Anml looper e liquid


----------



## Stosta (21/11/17)

Wow! When I read this I thought, "Ah common @Mahir , this stuff is everywhere!"

Turns out not so much! I went through EVERY vendor in my bookmarks tab and only found it at one place!

https://www.vapemob.co.za/product-category/e-liquids/anml/

Reactions: Thanks 1


----------



## Mahir (21/11/17)

VapeMob is out of stock as well, and my buddy who manages a store there told me they don't plan on bringing in anymore of ANML or other 'Drip Club' International juice.


----------



## Stosta (21/11/17)

Mahir said:


> VapeMob is out of stock as well, and my buddy who manages a store there told me they don't plan on bringing in anymore of ANML or other 'Drip Club' International juice.


Oh wow!! That is a bummer for you!

What do you say @Cruzz_33 ? Maybe as the international juice guy you can hook @Mahir up?

I've also been led to believe that VapePulse have a massive selection of international juices, maybe it's worthwhile sending them an email full of pity so they can track some down for you?

Reactions: Like 1


----------



## Cruzz_33 (21/11/17)

Thanks for the tag @Stosta 

@Mahir send me a pm maybe I can work something out for you.

Reactions: Winner 2


----------



## GMacDiggity (27/3/18)

Thought I'd revive this thread to see if any vendors have stock of Looper now? Very keen to try it out again

@Cruzz_33 not sure if you guys worked something out together?

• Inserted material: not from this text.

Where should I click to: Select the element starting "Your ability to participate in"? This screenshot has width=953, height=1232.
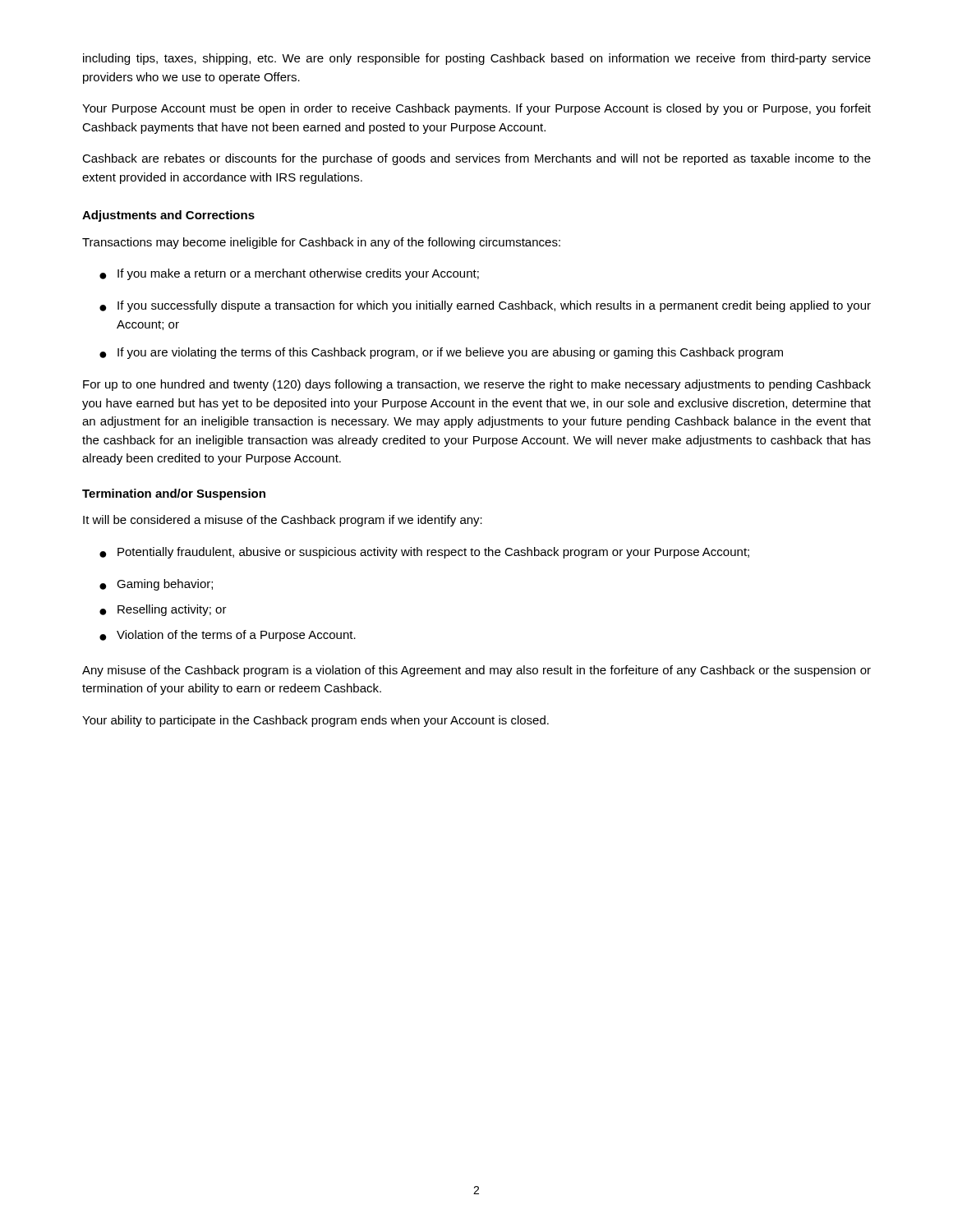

Also, if anyone has/knows a place to get Cali Steam - Toucan I would be very interested in trying it out!


----------



## Cruzz_33 (28/3/18)

@GMacDiggity will look into it again for you brother. 

In terms of Cali Steam ill also look into it, been wanting to give Pearadise a try.


----------



## GMacDiggity (28/3/18)

Cruzz_33 said:


> @GMacDiggity will look into it again for you brother.
> 
> In terms of Cali Steam ill also look into it, been wanting to give Pearadise a try.



Awesome, no stress if you can't get hold of it. Would definitely get a few different Cali Steam bottles off you if you did manage to bring them in. Know its down to commercial sense tho so no stress if you can't!


----------